Discussion
In recent years, organoids have emerged as a game-changer for disease modelling and drug screening. These are three-dimensional, miniaturized, and simplified versions of an organ that mimic some of the key features of the native tissue in vitro. Traditional organoid culture methods consist of embedding these structures in solidified extracellular matrix (ECM), creating highly heterogeneous populations. Moreover, organoids are randomly distributed within the ECM which complicates subsequent readouts and images analyses.
To overcome these challenges, we used Gri3D®, a ready-to-use platform for high-throughput and reproducible organoid culture. Based on a standard 96 microtiter plate, each well contains a dense microwell array patterned in a cell repellent hydrogel. The platform enables homogenous cell seeding, efficient cell aggregation and subsequent formation of a single organoid per microwell in suspension-like conditions. A uniquely designed pipetting port, adjacent to each well, allows safe media exchange for long-term cultures. The resulting organoids are positioned in predefined locations in the same focal plane, allowing simultaneous tracking.

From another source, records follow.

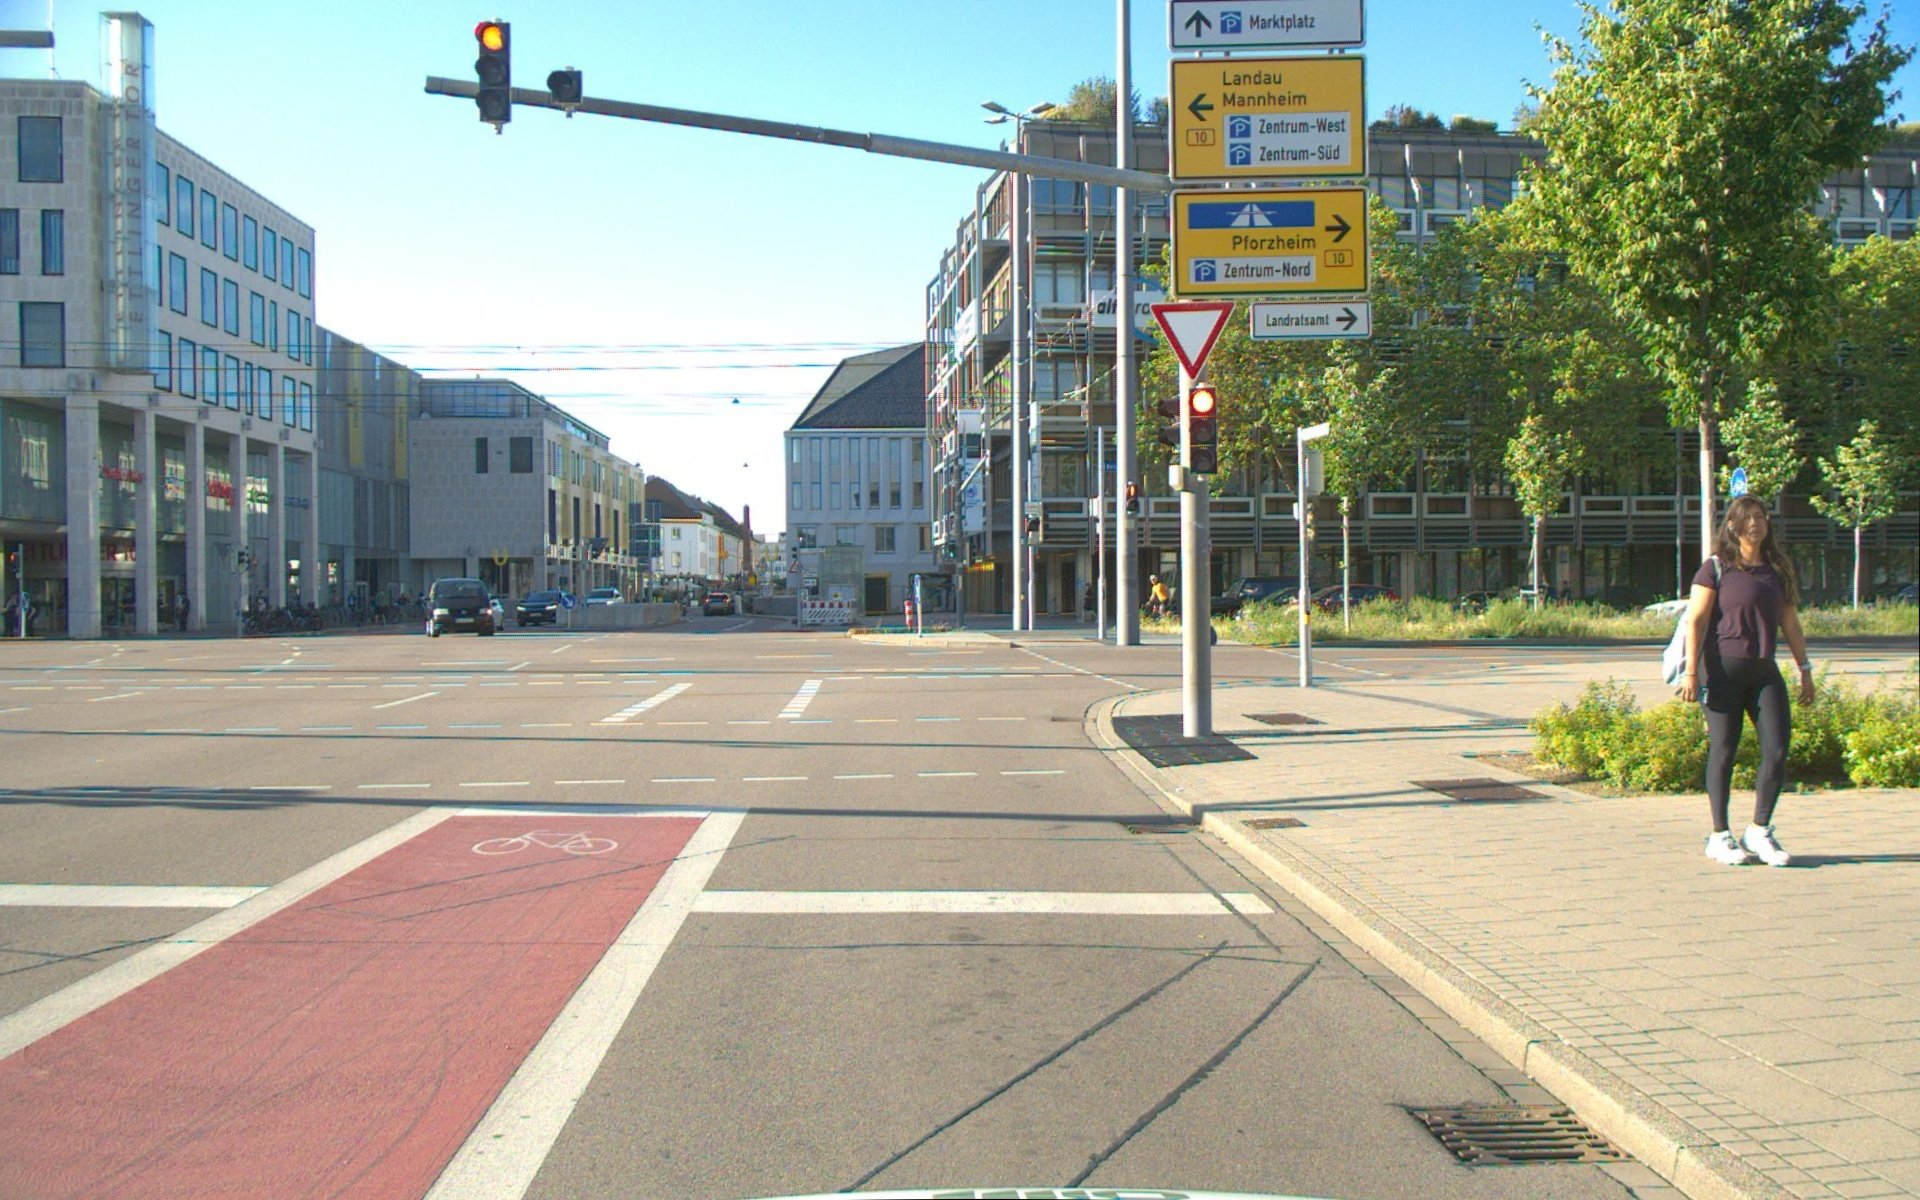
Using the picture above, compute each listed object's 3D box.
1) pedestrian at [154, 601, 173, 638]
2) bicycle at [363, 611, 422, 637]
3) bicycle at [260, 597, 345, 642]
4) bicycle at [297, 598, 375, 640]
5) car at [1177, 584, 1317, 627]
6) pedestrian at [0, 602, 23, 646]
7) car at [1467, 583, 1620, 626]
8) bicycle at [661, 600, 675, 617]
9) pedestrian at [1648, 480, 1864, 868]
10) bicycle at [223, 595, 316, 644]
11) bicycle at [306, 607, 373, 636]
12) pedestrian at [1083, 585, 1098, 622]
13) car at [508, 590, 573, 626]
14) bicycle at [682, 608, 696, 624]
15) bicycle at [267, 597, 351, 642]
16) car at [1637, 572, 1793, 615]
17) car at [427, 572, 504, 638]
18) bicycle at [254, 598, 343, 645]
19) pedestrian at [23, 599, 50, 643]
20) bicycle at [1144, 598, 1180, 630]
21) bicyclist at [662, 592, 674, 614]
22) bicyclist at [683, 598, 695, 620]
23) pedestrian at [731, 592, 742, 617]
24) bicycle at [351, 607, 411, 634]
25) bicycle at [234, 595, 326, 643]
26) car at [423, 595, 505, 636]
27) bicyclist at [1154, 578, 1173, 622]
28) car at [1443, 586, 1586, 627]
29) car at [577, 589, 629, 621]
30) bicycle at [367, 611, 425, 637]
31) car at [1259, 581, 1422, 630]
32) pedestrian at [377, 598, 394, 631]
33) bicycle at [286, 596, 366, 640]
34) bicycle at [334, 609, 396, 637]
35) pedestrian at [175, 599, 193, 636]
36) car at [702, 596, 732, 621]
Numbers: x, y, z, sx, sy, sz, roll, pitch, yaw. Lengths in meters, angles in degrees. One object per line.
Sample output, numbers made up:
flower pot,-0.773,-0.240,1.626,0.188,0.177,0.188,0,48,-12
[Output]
pedestrian,-35.505,0.859,73.755,0.618,1.636,0.645,-1,0,-38
bicycle,-32.462,1.381,94.638,2.992,1.425,0.901,-1,0,-6
bicycle,-31.063,0.905,78.203,3.551,2.049,1.085,-1,0,-6
bicycle,-31.401,0.956,83.272,3.551,2.049,0.901,-1,0,-6
car,10.137,0.175,58.661,4.541,1.380,1.998,-1,2,-6
pedestrian,-35.390,0.892,61.617,0.610,1.636,0.653,-1,0,-3
car,19.971,0.138,56.721,4.541,1.380,1.998,-1,2,-6
bicycle,-19.918,0.580,112.709,0.727,1.064,2.429,-1,1,-5
pedestrian,3.916,0.345,8.223,0.804,1.779,1.042,-2,0,19
bicycle,-30.239,0.837,72.490,3.555,2.049,1.084,-1,0,-10
bicycle,-31.587,1.087,84.243,2.992,1.425,0.901,-1,0,-6
pedestrian,5.561,0.135,70.560,0.609,1.545,0.654,-1,0,6
car,-18.791,0.324,74.229,1.953,1.557,4.035,0,1,-1
bicycle,-18.563,1.068,113.367,0.727,1.064,2.429,-1,1,-5
bicycle,-31.226,0.913,79.345,3.551,2.049,1.085,-1,0,-6
car,26.075,-0.242,57.196,4.541,1.380,1.998,-1,2,-6
car,-14.599,0.089,48.709,1.964,1.772,4.621,-1,2,-19
bicycle,-30.098,0.955,75.295,3.551,2.049,1.085,-1,0,-6
pedestrian,-34.398,0.783,61.611,0.610,1.636,0.653,-1,0,-3
bicycle,6.331,0.441,51.842,1.054,0.988,0.458,-1,0,0
bicyclist,-19.914,0.219,112.680,0.732,1.486,0.766,-1,0,-5
bicyclist,-18.585,0.639,113.427,0.732,1.486,0.766,-1,0,-5
pedestrian,-15.207,0.283,112.641,0.700,1.697,0.986,-1,0,-5
bicycle,-32.174,1.128,91.948,2.992,1.425,0.901,-1,0,-6
bicycle,-30.332,0.851,73.825,3.551,2.049,1.085,-1,0,-6
car,-19.012,0.575,63.624,1.954,1.380,4.644,-1,2,-3
bicyclist,6.378,-0.004,51.846,0.498,1.361,0.452,-1,0,0
car,20.191,0.211,60.346,4.541,1.380,1.998,-1,2,-6
car,-19.377,0.233,89.844,1.953,1.651,4.237,-1,1,-1
bicycle,-32.633,1.410,95.729,2.992,1.425,0.901,-1,0,-6
car,11.721,0.151,51.080,4.541,1.380,1.998,-1,2,-6
pedestrian,-29.288,0.733,84.315,0.734,1.636,0.619,-1,0,-30
bicycle,-31.200,0.870,81.437,3.551,2.049,0.901,-1,0,-6
bicycle,-31.888,1.239,88.658,2.992,1.425,0.901,-1,0,-6
pedestrian,-34.945,0.784,74.477,0.618,1.636,0.645,-1,0,-38
car,-16.527,0.557,112.406,1.956,1.579,3.993,-1,1,-8
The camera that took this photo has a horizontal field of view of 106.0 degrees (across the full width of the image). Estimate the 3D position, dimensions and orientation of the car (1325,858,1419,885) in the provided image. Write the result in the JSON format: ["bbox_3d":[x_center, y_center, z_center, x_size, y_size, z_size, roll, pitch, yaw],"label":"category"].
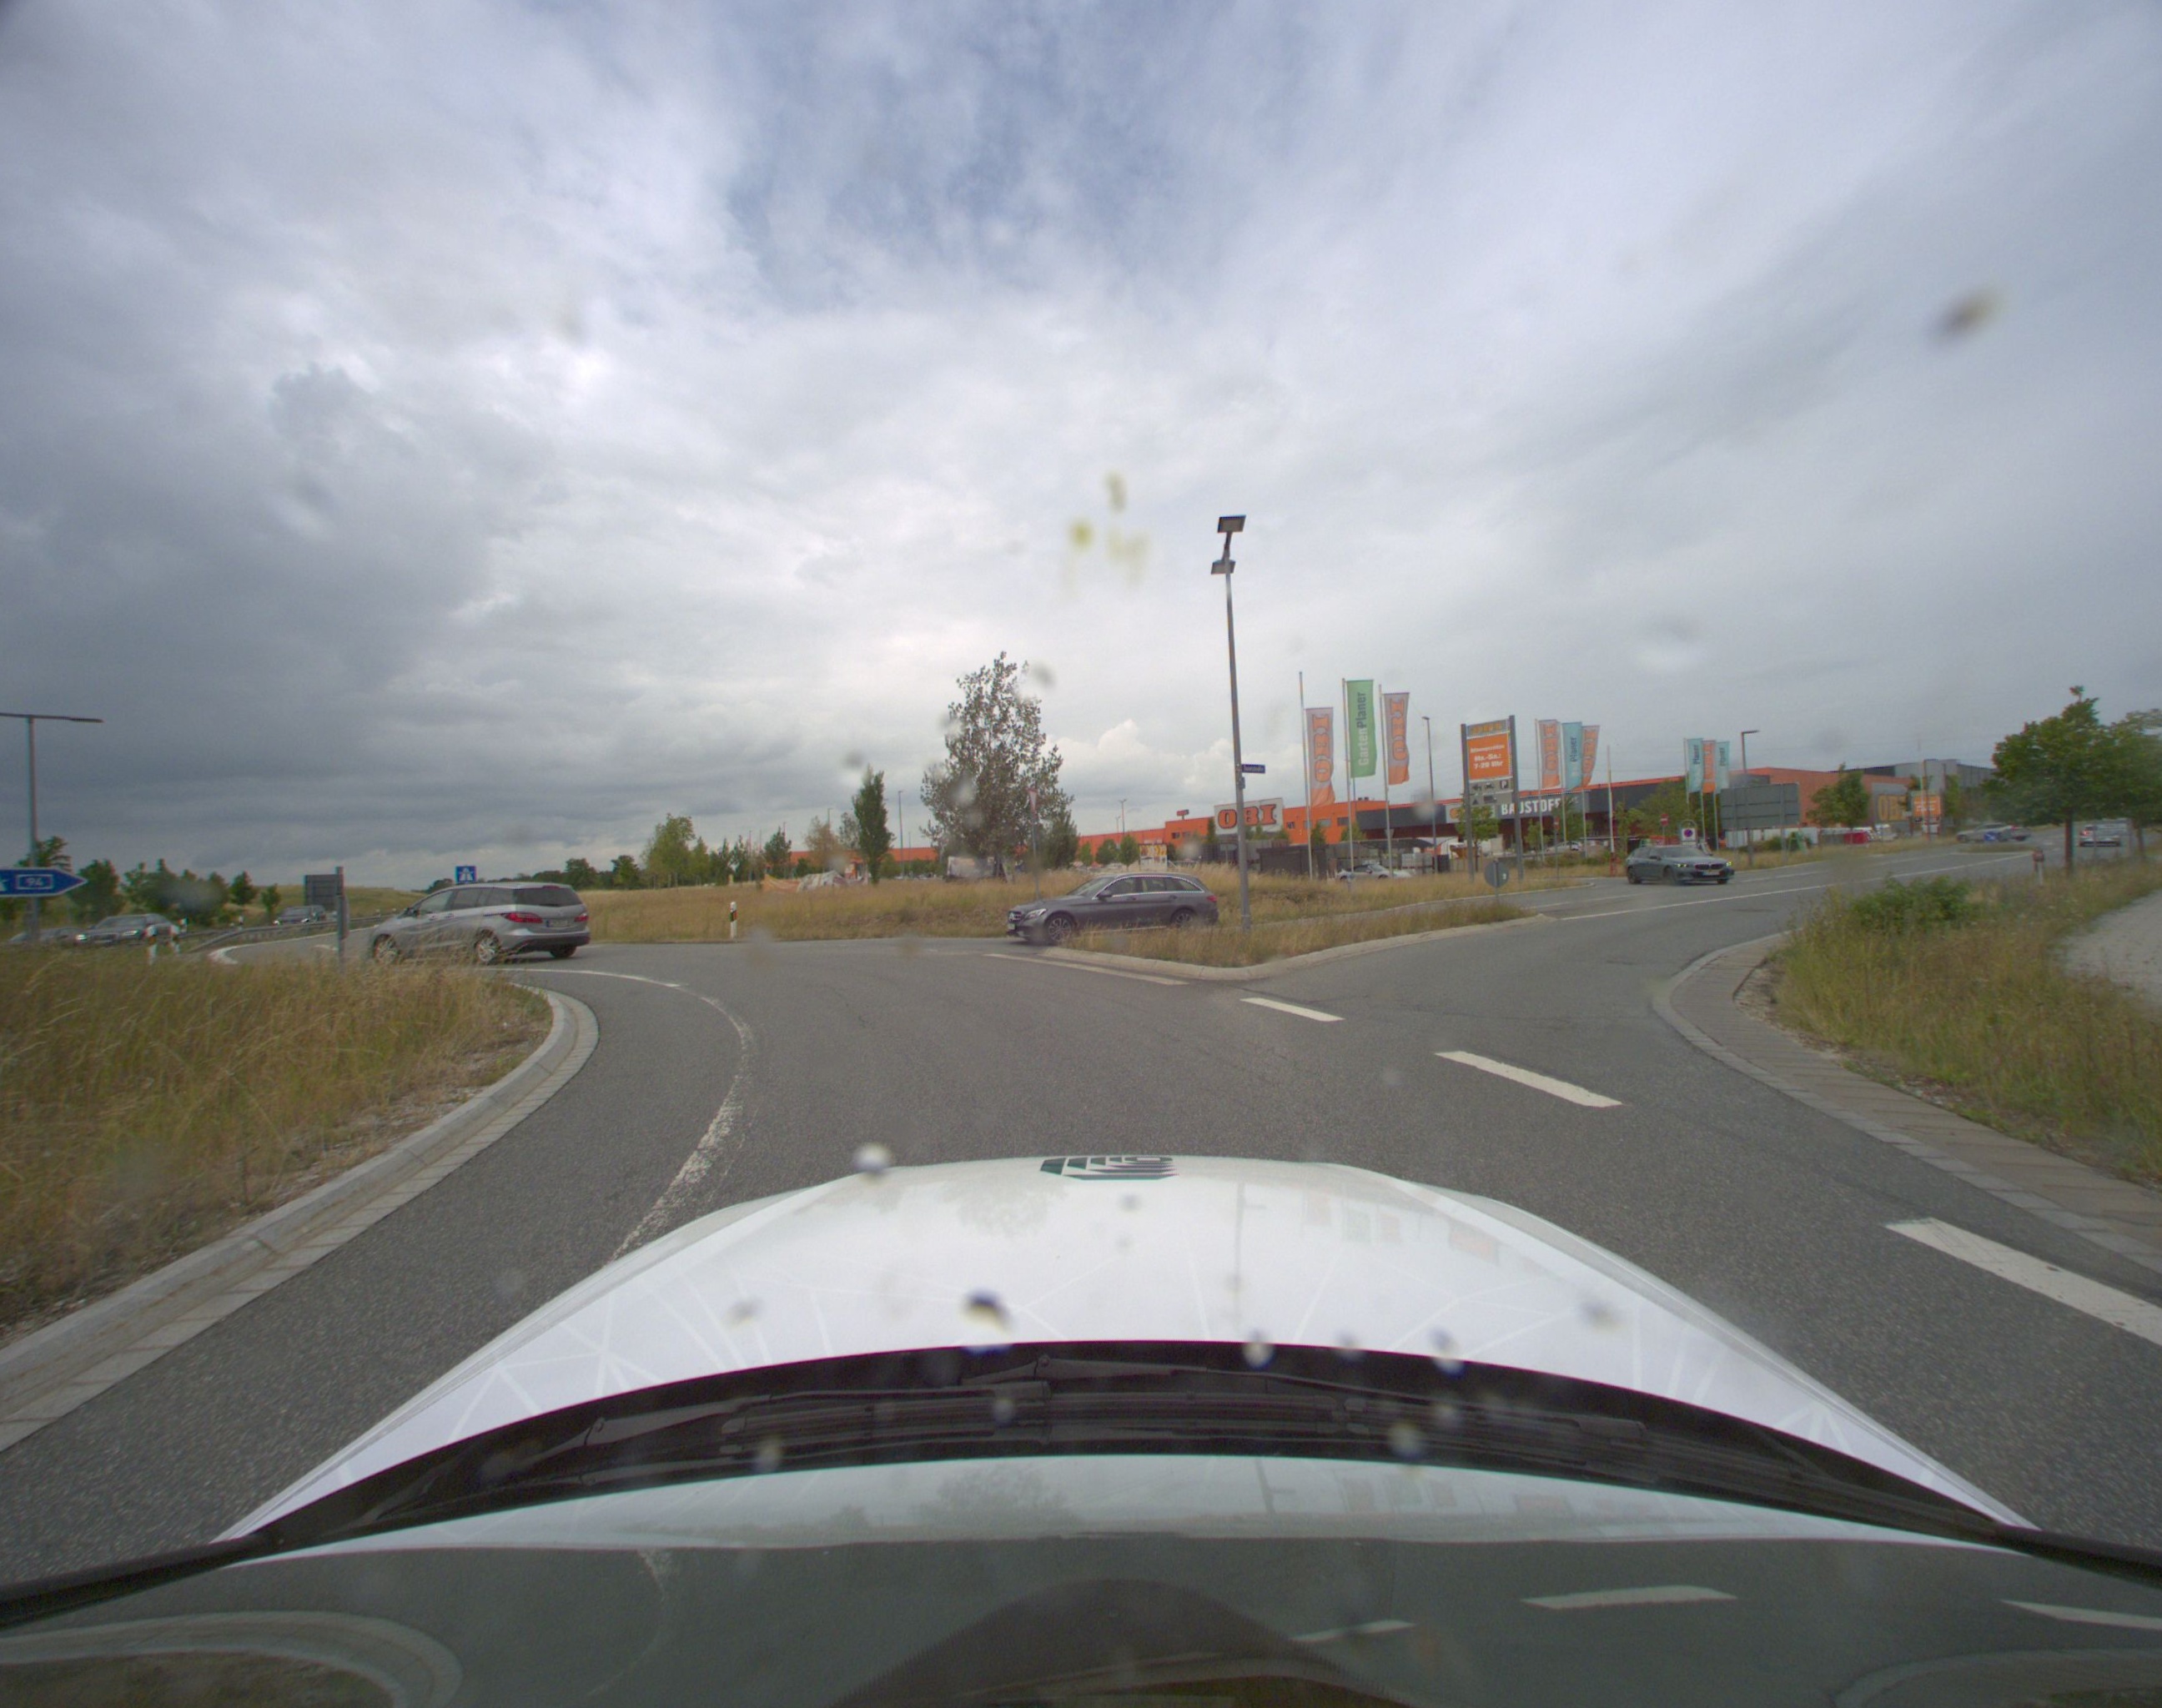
[{"bbox_3d":[16.058,0.994,45.180,1.752,1.404,4.704,0,-1,-38],"label":"car"}]

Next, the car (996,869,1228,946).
[{"bbox_3d":[0.684,1.085,17.722,4.694,1.404,1.913,-1,-1,-24],"label":"car"}]

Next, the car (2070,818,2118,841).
[{"bbox_3d":[67.192,-1.653,53.984,4.017,1.464,1.794,-2,2,-36],"label":"car"}]

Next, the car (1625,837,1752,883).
[{"bbox_3d":[22.834,0.290,30.874,1.980,1.507,4.697,-3,-3,12],"label":"car"}]

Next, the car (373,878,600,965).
[{"bbox_3d":[-12.177,1.360,16.717,3.952,1.599,1.751,-2,-1,18],"label":"car"}]

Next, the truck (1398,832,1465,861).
[{"bbox_3d":[34.466,-0.663,80.233,2.452,2.484,5.485,0,-3,-39],"label":"truck"}]

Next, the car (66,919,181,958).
[{"bbox_3d":[-42.185,3.683,36.027,1.740,1.492,4.500,-1,-3,-28],"label":"car"}]

Combined with the ImageXpress® Micro Confocal system, we followed the development and self-organization of healthy human rectal organoids over time with brightfield imaging. Using an AI-based approach, we efficiently detected each single organoid and characterized their size, diameter, as well as complex morphological features such as lumen. Finally, we investigated the concentration-dependent toxicity of a small panel of compounds using AI-based brightfield image analyses and fluorescence-based readouts.
The combination of the microwell plates and the high-content imager together with AI-based algorithms allows the assessment of phenotypic features at a single-organoid level in an automatable high-throughput fashion.